Source data

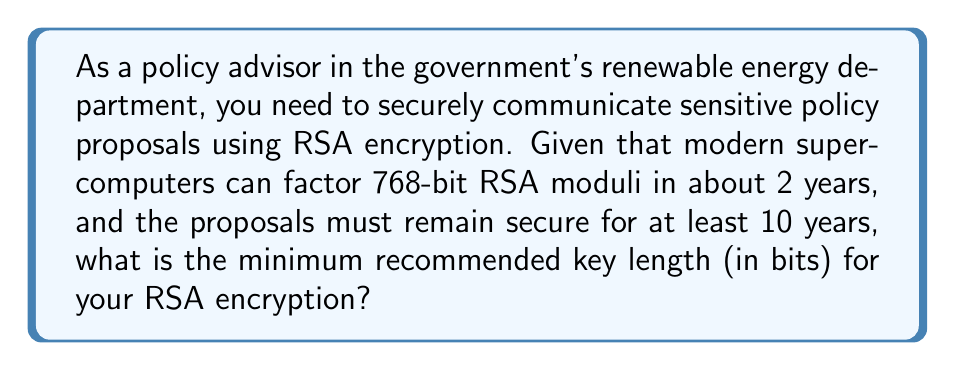Could you help me with this problem? To determine the appropriate key length for RSA encryption, we need to consider the following steps:

1. Understand the current state of factoring capabilities:
   - 768-bit RSA moduli can be factored in about 2 years by modern supercomputers.

2. Calculate the rate of improvement in factoring capabilities:
   - Moore's Law suggests that computing power doubles approximately every 18 months.
   - In 10 years, there are 6.67 periods of 18 months (10 years / 1.5 years).
   - Improvement factor: $2^{6.67} \approx 101.59$

3. Calculate the equivalent difficulty for 10 years of security:
   - We need a key that would take $101.59 \times 2$ years $\approx 203.18$ years to factor with current technology.

4. Estimate the required key length:
   - The difficulty of factoring increases exponentially with key length.
   - A good estimate is that doubling the key length increases factoring time by a factor of $2^4 = 16$.
   - We need to find how many times we need to double 768 bits to reach 203.18 years.
   - Solve for $x$: $16^x \times 2 = 203.18$
   - $x \approx 2.37$

5. Calculate the minimum key length:
   - Minimum key length $= 768 \times 2^{2.37} \approx 3938$ bits

6. Round up to the nearest standard key size:
   - Standard RSA key sizes are typically multiples of 1024 bits.
   - The next standard size above 3938 bits is 4096 bits.

Therefore, the minimum recommended key length for secure communication of policy proposals using RSA encryption for the next 10 years is 4096 bits.
Answer: 4096 bits 
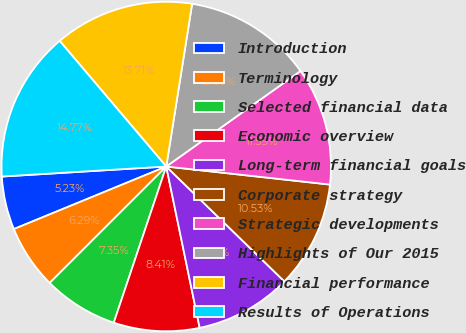<chart> <loc_0><loc_0><loc_500><loc_500><pie_chart><fcel>Introduction<fcel>Terminology<fcel>Selected financial data<fcel>Economic overview<fcel>Long-term financial goals<fcel>Corporate strategy<fcel>Strategic developments<fcel>Highlights of Our 2015<fcel>Financial performance<fcel>Results of Operations<nl><fcel>5.23%<fcel>6.29%<fcel>7.35%<fcel>8.41%<fcel>9.47%<fcel>10.53%<fcel>11.59%<fcel>12.65%<fcel>13.71%<fcel>14.77%<nl></chart> 
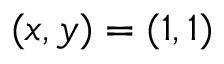Convert formula to latex. <formula><loc_0><loc_0><loc_500><loc_500>( x , y ) = ( 1 , 1 )</formula> 
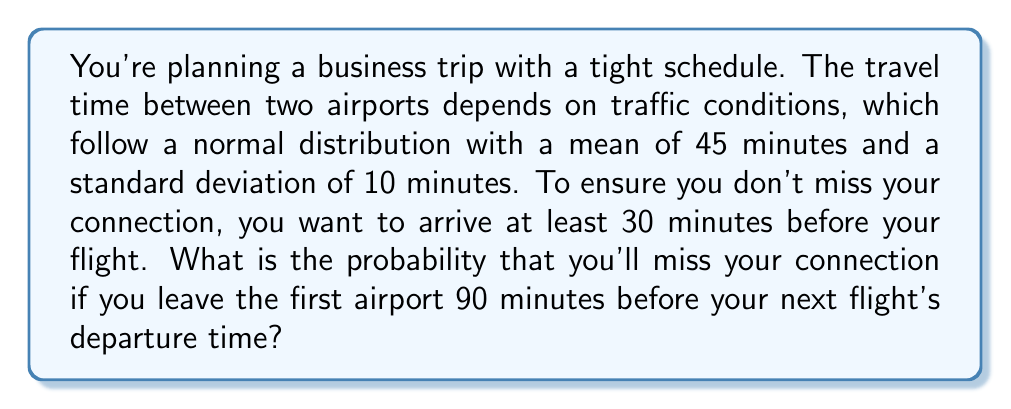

- **Task instructions**:
Some lines in the data above hold the string "next". Find and copy each of them.

- **Exercise answer**:
   - The next standard size above 3938 bits is 4096 bits.
Therefore, the minimum recommended key length for secure communication of policy proposals using RSA encryption for the next 10 years is 4096 bits.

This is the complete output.